Nu masculino ainda é tabu e reflete desigualdade de gênero
É raro ver um homem nu nas revistas, no cinema e nos programas de TV. Quando isso acontece, a exposição costuma ser velada, dificilmente a nudez frontal masculina aparece nas telas. Recentemente, as séries “Game of Thrones” (HBO) e “Sense8” (Netflix) quebraram esse tabu, acendendo a polêmica. O ator Kevin Bacon também estrelou uma campanha em favor de mais exposição dos corpos masculinos nos filmes de Hollywood.
Enquanto a nudez feminina costuma ser explorada massivamente sem tantos questionamentos, poucos são os momentos em que o nu masculino é exibido com a mesma naturalidade.
Na análise de Camilo Braz, professor de antropologia na UFG (Universidade Federal de Goiás), para entender essa diferença deve-se levar em conta as normais culturais de uma sociedade desigual em termos de gênero e sexualidade.
As relações de gênero na exploração da nudez fazem parte de um contexto histórico. A professora de artes da UFPR (Universidade Federal do Paraná) Stephanie Dahn Batista, doutora em história, diz que ao longo dos séculos o homem ocupou o papel de observador nas obras de arte.
“O corpo feminino sempre apareceu como objeto de desejo, reflexo de uma relação de poder, o artista era masculino e o modelo feminino”, diz Stephanie.

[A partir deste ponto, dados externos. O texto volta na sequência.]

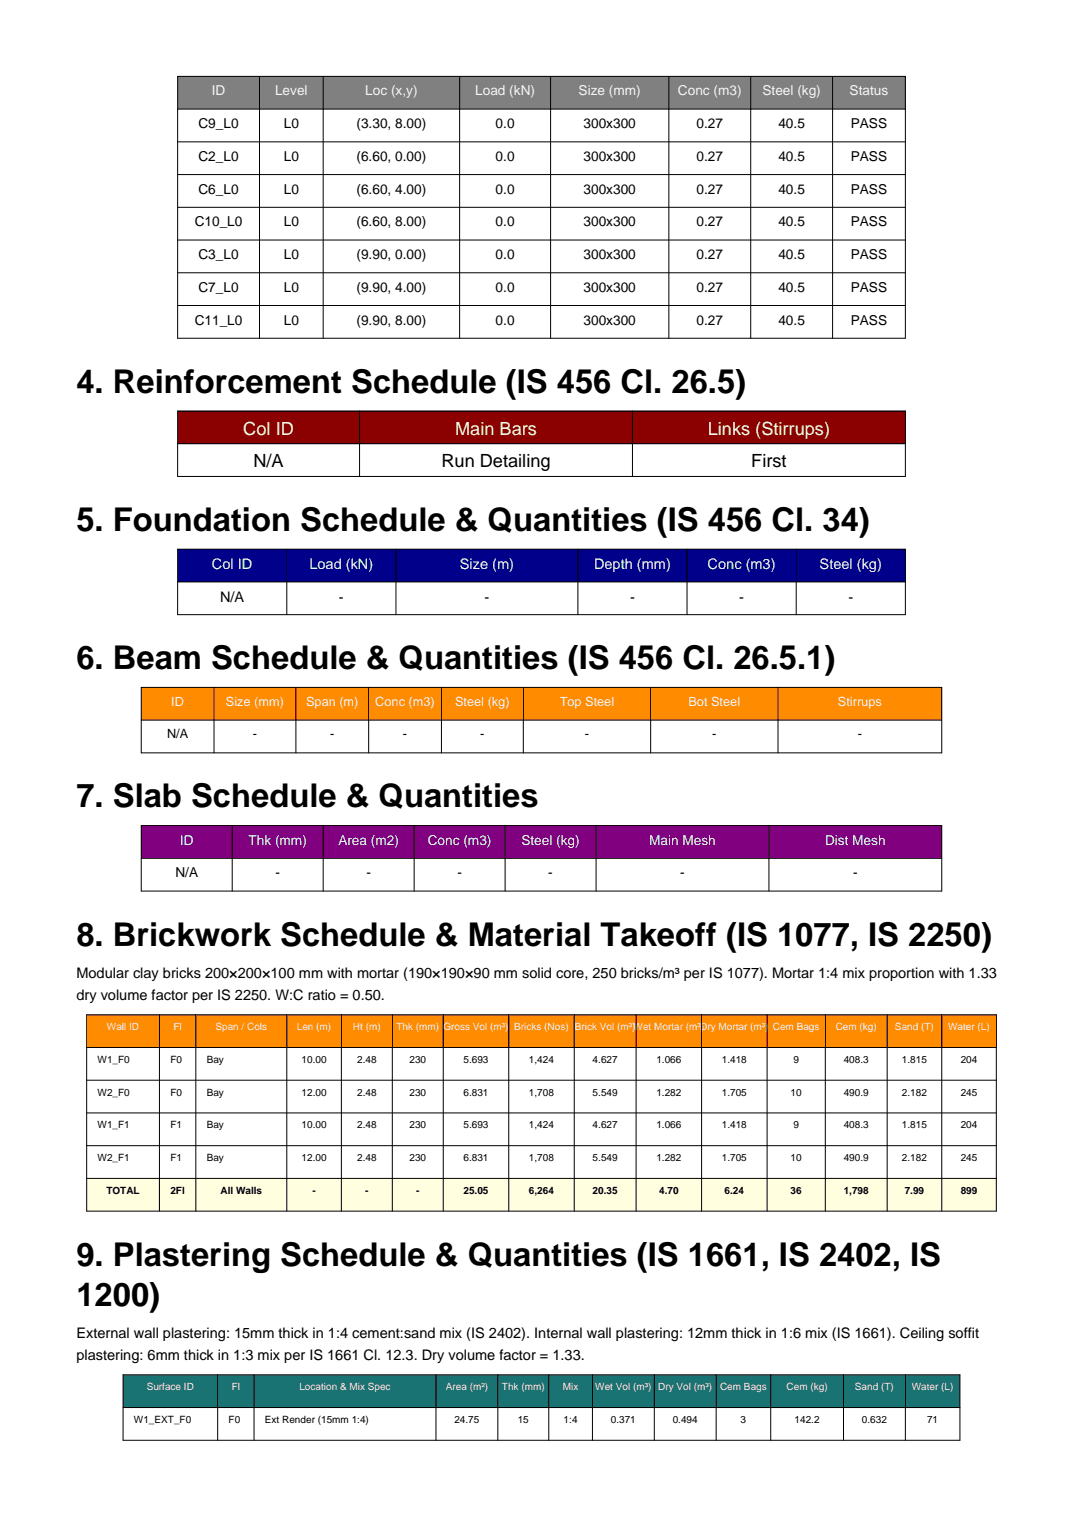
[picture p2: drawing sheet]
<svg xmlns="http://www.w3.org/2000/svg" width="210mm" height="297mm" viewBox="0 0 210 297" stroke-linecap="round" stroke-linejoin="round" font-family="sans-serif">
<defs><g id="words">
<g font-size="6.3">
<text x="14.8" y="76.2">4. Reinforcement Schedule (IS 456 Cl. 26.5)</text>
<text x="14.8" y="103">5. Foundation Schedule &amp; Quantities (IS 456 Cl. 34)</text>
<text x="14.8" y="129.8">6. Beam Schedule &amp; Quantities (IS 456 Cl. 26.5.1)</text>
<text x="14.8" y="156.6">7. Slab Schedule &amp; Quantities</text>
<text x="14.8" y="183.4">8. Brickwork Schedule &amp; Material Takeoff (IS 1077, IS 2250)</text>
<text x="14.8" y="245.5">9. Plastering Schedule &amp; Quantities (IS 1661, IS 2402, IS</text>
<text x="14.8" y="253.3">1200)</text>
</g>
<g font-size="3.5" fill="#f5f5f5">
<text x="47.2" y="84.3">Col ID</text>
<text x="88.2" y="84.3">Main Bars</text>
<text x="137.2" y="84.3">Links (Stirrups)</text>
</g>
<g font-size="3.5">
<text x="49.1" y="90.7">N/A</text>
<text x="85.6" y="90.7">Run Detailing</text>
<text x="145.7" y="90.7">First</text>
</g>
<g font-size="2.8" fill="#f5f5f5">
<text x="41.1" y="110.4">Col ID</text>
<text x="60" y="110.4">Load (kN)</text>
<text x="89.2" y="110.4">Size (m)</text>
<text x="115.2" y="110.4">Depth (mm)</text>
<text x="137.2" y="110.4">Conc (m3)</text>
<text x="158.9" y="110.4">Steel (kg)</text>
</g>
<g font-size="2.8">
<text x="42.7" y="116.8">N/A</text>
<text x="65.7" y="116.8">-</text>
<text x="93.9" y="116.8">-</text>
<text x="122.2" y="116.8">-</text>
<text x="143.3" y="116.8">-</text>
<text x="164.5" y="116.8">-</text>
<text x="14.8" y="189.8">Modular clay bricks 200×200×100 mm with mortar (190×190×90 mm solid core, 250 bricks/m³ per IS 1077). Mortar 1:4 mix proportion with 1.33</text>
<text x="14.8" y="194">dry volume factor per IS 2250. W:C ratio = 0.50.</text>
<text x="14.8" y="259.6">External wall plastering: 15mm thick in 1:4 cement:sand mix (IS 2402). Internal wall plastering: 12mm thick in 1:6 mix (IS 1661). Ceiling soffit</text>
<text x="14.8" y="263.9">plastering: 6mm thick in 1:3 mix per IS 1661 Cl. 12.3. Dry volume factor = 1.33.</text>
</g>
<g font-size="2.6" fill="#f5f5f5">
<text x="41.1" y="18.5">ID</text>
<text x="53.3" y="18.5">Level</text>
<text x="70.8" y="18.5">Loc (x,y)</text>
<text x="92.1" y="18.5">Load (kN)</text>
<text x="112.2" y="18.5">Size (mm)</text>
<text x="131.5" y="18.5">Conc (m3)</text>
<text x="147.8" y="18.5">Steel (kg)</text>
<text x="164.7" y="18.5">Status</text>
<text x="34.9" y="163.9">ID</text>
<text x="48.2" y="163.9">Thk (mm)</text>
<text x="65.6" y="163.9">Area (m2)</text>
<text x="83" y="163.9">Conc (m3)</text>
<text x="101.1" y="163.9">Steel (kg)</text>
<text x="125.9" y="163.9">Main Mesh</text>
<text x="160" y="163.9">Dist Mesh</text>
</g>
<g font-size="2.6">
<text x="38.5" y="24.9">C9_L0</text>
<text x="55" y="24.9">L0</text>
<text x="69.1" y="24.9">(3.30, 8.00)</text>
<text x="96.1" y="24.9">0.0</text>
<text x="113.2" y="24.9">300x300</text>
<text x="135.1" y="24.9">0.27</text>
<text x="150.9" y="24.9">40.5</text>
<text x="165" y="24.9">PASS</text>
<text x="38.5" y="31.2">C2_L0</text>
<text x="55" y="31.2">L0</text>
<text x="69.1" y="31.2">(6.60, 0.00)</text>
<text x="96.1" y="31.2">0.0</text>
<text x="113.2" y="31.2">300x300</text>
<text x="135.1" y="31.2">0.27</text>
<text x="150.9" y="31.2">40.5</text>
<text x="165" y="31.2">PASS</text>
<text x="38.5" y="37.6">C6_L0</text>
<text x="55" y="37.6">L0</text>
<text x="69.1" y="37.6">(6.60, 4.00)</text>
<text x="96.1" y="37.6">0.0</text>
<text x="113.2" y="37.6">300x300</text>
<text x="135.1" y="37.6">0.27</text>
<text x="150.9" y="37.6">40.5</text>
<text x="165" y="37.6">PASS</text>
<text x="37.7" y="43.9">C10_L0</text>
<text x="55" y="43.9">L0</text>
<text x="69.1" y="43.9">(6.60, 8.00)</text>
<text x="96.1" y="43.9">0.0</text>
<text x="113.2" y="43.9">300x300</text>
<text x="135.1" y="43.9">0.27</text>
<text x="150.9" y="43.9">40.5</text>
<text x="165" y="43.9">PASS</text>
<text x="38.5" y="50.3">C3_L0</text>
<text x="55" y="50.3">L0</text>
<text x="69.1" y="50.3">(9.90, 0.00)</text>
<text x="96.1" y="50.3">0.0</text>
<text x="113.2" y="50.3">300x300</text>
<text x="135.1" y="50.3">0.27</text>
<text x="150.9" y="50.3">40.5</text>
<text x="165" y="50.3">PASS</text>
<text x="38.5" y="56.6">C7_L0</text>
<text x="55" y="56.6">L0</text>
<text x="69.1" y="56.6">(9.90, 4.00)</text>
<text x="96.1" y="56.6">0.0</text>
<text x="113.2" y="56.6">300x300</text>
<text x="135.1" y="56.6">0.27</text>
<text x="150.9" y="56.6">40.5</text>
<text x="165" y="56.6">PASS</text>
<text x="37.7" y="63">C11_L0</text>
<text x="55" y="63">L0</text>
<text x="69.1" y="63">(9.90, 8.00)</text>
<text x="96.1" y="63">0.0</text>
<text x="113.2" y="63">300x300</text>
<text x="135.1" y="63">0.27</text>
<text x="150.9" y="63">40.5</text>
<text x="165" y="63">PASS</text>
<text x="34" y="170.2">N/A</text>
<text x="53.4" y="170.2">-</text>
<text x="71" y="170.2">-</text>
<text x="88.7" y="170.2">-</text>
<text x="106.3" y="170.2">-</text>
<text x="131.9" y="170.2">-</text>
<text x="165.4" y="170.2">-</text>
</g>
<g font-size="2.5" fill="#f5f5f5">
<text x="33.2" y="136.9">ID</text>
<text x="43.8" y="136.9">Size (mm)</text>
<text x="59.4" y="136.9">Span (m)</text>
<text x="72.8" y="136.9">Conc (m3)</text>
<text x="88.3" y="136.9">Steel (kg)</text>
<text x="108.5" y="136.9">Top Steel</text>
<text x="133.5" y="136.9">Bot Steel</text>
<text x="162.5" y="136.9">Stirrups</text>
</g>
<g font-size="2.5">
<text x="32.4" y="143.2">N/A</text>
<text x="49" y="143.2">-</text>
<text x="64" y="143.2">-</text>
<text x="78.1" y="143.2">-</text>
<text x="93.1" y="143.2">-</text>
<text x="113.4" y="143.2">-</text>
<text x="138.1" y="143.2">-</text>
<text x="166.3" y="143.2">-</text>
</g>
<g font-size="1.9" fill="#f5f5f5">
<text x="20.7" y="199.8">Wall ID</text>
<text x="33.6" y="199.8">Fl</text>
<text x="41.8" y="199.8">Span / Cols</text>
<text x="57.6" y="199.8">Len (m)</text>
<text x="68.4" y="199.8">Ht (m)</text>
<text x="76.9" y="199.8">Thk (mm)</text>
<text x="86" y="199.8">Gross Vol (m³)</text>
<text x="99.7" y="199.8">Bricks (Nos)</text>
<text x="111.5" y="199.8">Brick Vol (m³)Wet Mortar (m³)Dry Mortar (m³)</text>
<text x="149.9" y="199.8">Cem Bags</text>
<text x="162" y="199.8">Cem (kg)</text>
<text x="173.5" y="199.8">Sand (T)</text>
<text x="183.9" y="199.8">Water (L)</text>
<text x="28.5" y="269.7">Surface ID</text>
<text x="44.9" y="269.7">Fl</text>
<text x="58.1" y="269.7">Location &amp; Mix Spec</text>
<text x="86.4" y="269.7">Area (m²)</text>
<text x="97.3" y="269.7">Thk (mm)</text>
<text x="109.1" y="269.7">Mix</text>
<text x="115.4" y="269.7">Wet Vol (m³)</text>
<text x="127.6" y="269.7">Dry Vol (m³)</text>
<text x="139.6" y="269.7">Cem Bags</text>
<text x="152.5" y="269.7">Cem (kg)</text>
<text x="165.8" y="269.7">Sand (T)</text>
<text x="176.8" y="269.7">Water (L)</text>
</g>
<g font-size="1.9">
<text x="18.9" y="206.2">W1_F0</text>
<text x="33" y="206.2">F0</text>
<text x="40.1" y="206.2">Bay</text>
<text x="58.5" y="206.2">10.00</text>
<text x="69.2" y="206.2">2.48</text>
<text x="79.4" y="206.2">230</text>
<text x="89.9" y="206.2">5.693</text>
<text x="102.6" y="206.2">1,424</text>
<text x="114.9" y="206.2">4.627</text>
<text x="127.3" y="206.2">1.066</text>
<text x="140" y="206.2">1.418</text>
<text x="153.8" y="206.2">9</text>
<text x="163.6" y="206.2">408.3</text>
<text x="174.9" y="206.2">1.815</text>
<text x="186.3" y="206.2">204</text>
<text x="18.9" y="212.5">W2_F0</text>
<text x="33" y="212.5">F0</text>
<text x="40.1" y="212.5">Bay</text>
<text x="58.5" y="212.5">12.00</text>
<text x="69.2" y="212.5">2.48</text>
<text x="79.4" y="212.5">230</text>
<text x="89.9" y="212.5">6.831</text>
<text x="102.6" y="212.5">1,708</text>
<text x="114.9" y="212.5">5.549</text>
<text x="127.3" y="212.5">1.282</text>
<text x="140" y="212.5">1.705</text>
<text x="153.3" y="212.5">10</text>
<text x="163.6" y="212.5">490.9</text>
<text x="174.9" y="212.5">2.182</text>
<text x="186.3" y="212.5">245</text>
<text x="18.9" y="218.9">W1_F1</text>
<text x="33" y="218.9">F1</text>
<text x="40.1" y="218.9">Bay</text>
<text x="58.5" y="218.9">10.00</text>
<text x="69.2" y="218.9">2.48</text>
<text x="79.4" y="218.9">230</text>
<text x="89.9" y="218.9">5.693</text>
<text x="102.6" y="218.9">1,424</text>
<text x="114.9" y="218.9">4.627</text>
<text x="127.3" y="218.9">1.066</text>
<text x="140" y="218.9">1.418</text>
<text x="153.8" y="218.9">9</text>
<text x="163.6" y="218.9">408.3</text>
<text x="174.9" y="218.9">1.815</text>
<text x="186.3" y="218.9">204</text>
<text x="18.9" y="225.2">W2_F1</text>
<text x="33" y="225.2">F1</text>
<text x="40.1" y="225.2">Bay</text>
<text x="58.5" y="225.2">12.00</text>
<text x="69.2" y="225.2">2.48</text>
<text x="79.4" y="225.2">230</text>
<text x="89.9" y="225.2">6.831</text>
<text x="102.6" y="225.2">1,708</text>
<text x="114.9" y="225.2">5.549</text>
<text x="127.3" y="225.2">1.282</text>
<text x="140" y="225.2">1.705</text>
<text x="153.3" y="225.2">10</text>
<text x="163.6" y="225.2">490.9</text>
<text x="174.9" y="225.2">2.182</text>
<text x="186.3" y="225.2">245</text>
<text x="20.6" y="231.6">TOTAL</text>
<text x="33" y="231.6">2Fl</text>
<text x="42.7" y="231.6">All Walls</text>
<text x="60.6" y="231.6">-</text>
<text x="70.8" y="231.6">-</text>
<text x="80.7" y="231.6">-</text>
<text x="89.9" y="231.6">25.05</text>
<text x="102.6" y="231.6">6,264</text>
<text x="114.9" y="231.6">20.35</text>
<text x="127.8" y="231.6">4.70</text>
<text x="140.5" y="231.6">6.24</text>
<text x="153.3" y="231.6">36</text>
<text x="163.6" y="231.6">1,798</text>
<text x="175.4" y="231.6">7.99</text>
<text x="186.3" y="231.6">899</text>
<text x="26" y="276">W1_EXT_F0</text>
<text x="44.3" y="276">F0</text>
<text x="51.4" y="276">Ext Render (15mm 1:4)</text>
<text x="88.1" y="276">24.75</text>
<text x="100.4" y="276">15</text>
<text x="109.3" y="276">1:4</text>
<text x="118.4" y="276">0.371</text>
<text x="130.4" y="276">0.494</text>
<text x="143.6" y="276">3</text>
<text x="154.1" y="276">142.2</text>
<text x="167.1" y="276">0.632</text>
<text x="179.8" y="276">71</text>
</g>
</g></defs>
<path d="M34.4 14.8h141.2v6.4h-141.2z" fill-rule="evenodd" fill="#808080"/>
<g fill="none" stroke="#000" stroke-width=".19">
<path d="M34.4 14.8h141.2v50.8h-141.2zM50.3 14.8v50.8M62.7 14.8v50.8M89.1 14.8v50.8M106.8 14.8v50.8M129.7 14.8v50.8M145.6 14.8v50.8M161.4 14.8v50.8M34.4 21.2h141.2M34.4 27.5h141.2M34.4 33.9h141.2M34.4 40.2h141.2"/>
<path d="M34.4 46.6h141.2M34.4 52.9h141.2M34.4 59.3h141.2"/>
</g>
<path d="M34.4 79.7h141.2v6.4h-141.2z" fill-rule="evenodd" fill="#8b0000"/>
<path d="M34.4 79.7h141.2v12.7h-141.2zM69.7 79.7v12.7M122.6 79.7v12.7M34.4 86.1h141.2" fill="none" stroke="#000" stroke-width=".19"/>
<path d="M34.4 106.5h141.2v6.4h-141.2z" fill-rule="evenodd" fill="#00008b"/>
<path d="M34.4 106.5h141.2v12.7h-141.2zM34.4 112.9h141.2M55.6 106.5v12.7M76.8 106.5v12.7M112.1 106.5v12.7M133.2 106.5v12.7M154.4 106.5v12.7" fill="none" stroke="#000" stroke-width=".19"/>
<path d="M27.4 133.3h155.2v6.4h-155.2z" fill-rule="evenodd" fill="#ff8c00"/>
<path d="M27.4 133.3h155.2v12.7h-155.2zM27.4 139.7h155.2M41.5 133.3v12.7M57.4 133.3v12.7M71.5 133.3v12.7M85.6 133.3v12.7M101.5 133.3v12.7M126.2 133.3v12.7M150.9 133.3v12.7" fill="none" stroke="#000" stroke-width=".19"/>
<path d="M27.4 160.2h155.2v6.3h-155.2z" fill-rule="evenodd" fill="#800080"/>
<path d="M27.4 160.2h155.2v12.7h-155.2zM27.4 166.5h155.2M45 160.2v12.7M62.7 160.2v12.7M80.3 160.2v12.7M97.9 160.2v12.7M115.6 160.2v12.7M149.1 160.2v12.7" fill="none" stroke="#000" stroke-width=".19"/>
<path d="M16.8 196.8h176.4v6.4h-176.4z" fill-rule="evenodd" fill="#ff8c00"/>
<path d="M16.8 228.6h176.4v6.3h-176.4z" fill-rule="evenodd" fill="#ffffe0"/>
<g fill="none" stroke="#000" stroke-width=".19">
<path d="M16.8 196.8h176.4v38.1h-176.4zM30.9 196.8v38.1M38 196.8v38.1M55.6 196.8v38.1M66.2 196.8v38.1M76.1 196.8v38.1M86 196.8v38.1M98.7 196.8v38.1M111.4 196.8v38.1M123.3 196.8v38.1M136 196.8v38.1M148.7 196.8v38.1"/>
<path d="M160 196.8v38.1M172 196.8v38.1M182.6 196.8v38.1M16.8 203.2h176.4M16.8 209.5h176.4M16.8 215.9h176.4M16.8 222.2h176.4M16.8 228.6h176.4"/>
</g>
<path d="M23.9 266.7h162.2v6.4h-162.2z" fill-rule="evenodd" fill="#1a7373"/>
<g fill="none" stroke="#000" stroke-width=".19">
<path d="M23.9 266.7h162.2v12.7h-162.2zM23.9 273.1h162.2M42.2 266.7v12.7M49.3 266.7v12.7M84.5 266.7v12.7M96.5 266.7v12.7M106.4 266.7v12.7M114.9 266.7v12.7M126.9 266.7v12.7M138.9 266.7v12.7M149.5 266.7v12.7M163.6 266.7v12.7"/>
<path d="M175.6 266.7v12.7"/>
</g>
<use href="#words"/>
</svg>

Apesar dos avanços nas últimas décadas, a professora da UFPR conta que ainda hoje os alunos têm dificuldade em sustentar o olhar nas aulas em que a nudez masculina é mostrada. “Não há o hábito de ver o nu masculino com toda liberdade, essa nudez ainda causa constrangimento e estranheza”, fala Stephanie.
Nu na TV brasileira
A igualdade na nudez midiática ainda está longe de ser alcançada, porém a exposição masculina tem ficado cada vez mais frequente.
A novela “Verdades Secretas”, exibida pela Globo na faixa das 23h em 2015, teve alguns nus masculinos. O ator Adriano Toloza, que contracenou despido com a atriz Guilhermina Guinle, lembra do burburinho que a cena provocou nas redes sociais. “A nudez masculina costuma chamar mais atenção e causar mais polêmica.”
Apesar de encarar a nudez em cena com naturalidade quando existe um propósito, Toloza, que também já atuou nu no teatro, diz que os brasileiros não estão prontos para ver um frontal masculino na TV. “Temos uma sociedade ainda muito conservadora e agarrada aos conceitos morais”, afirma.
Na opinião do ator, esse comportamento é fruto de uma visão patriarcal. “Carregamos essa cultura machista de que só os homens são merecedores de certos prazeres.”
Com exceção dos materiais pornográficos, ainda existem poucos produtos culturais que dão destaque para a nudez masculina.
O fotógrafo Gianfranco Briceño só se deu conta desse vácuo no mercado depois de lançar o fanzine “Snaps”, com fotos de homens nus sob luz natural, que alcançou mais repercussão do que ele esperava. “Só havia pornografia ou conteúdos mais voltados para o público gay”, afirma.
Briceño fez questão de retratar o corpo masculino por completo, sem evitar a nudez frontal, mas nota que esse ainda é um tabu. “Por ser um órgão interno, a exposição da vagina é mais tolerada, já o pênis precisa ser escondido, como se a sexualidade tivesse de ser oculta.”
Belo e masculinidade hegemônica
A nudez masculina, apesar de mais rara, não é novidade no mundo das artes. Em 1504, a escultura de David nu, do artista renascentista Michelangelo, foi exposta em praça pública em Florença, na Itália.Porém, nesse contexto, o corpo masculino é associado ao sublime e à figura do herói, não a um homem de carne e osso. “O belo masculino vem sempre muito idealizado”, afirma Stephanie Dahn.
A falta de exposição dos homens, segundo Camilo Braz, também se relaciona com a valorização da norma heterossexual e do controle dos corpos. “A nudez pode ser vista como ameaçadora à masculinidade hegemônica que, por ser frágil, é constantemente reiterada.”
É difícil prever quando ver um homem nu na TV será tão comum quanto assistir a uma mulher nua. A mudança depende também das transformações culturais e dos avanços na igualdade de gênero, o que sutilmente vem acontecendo em alguns setores.
“Percebo que a moda tem colocado mais homens nus em suas propagandas”, diz o fotógrafo Gianfranco Briceño.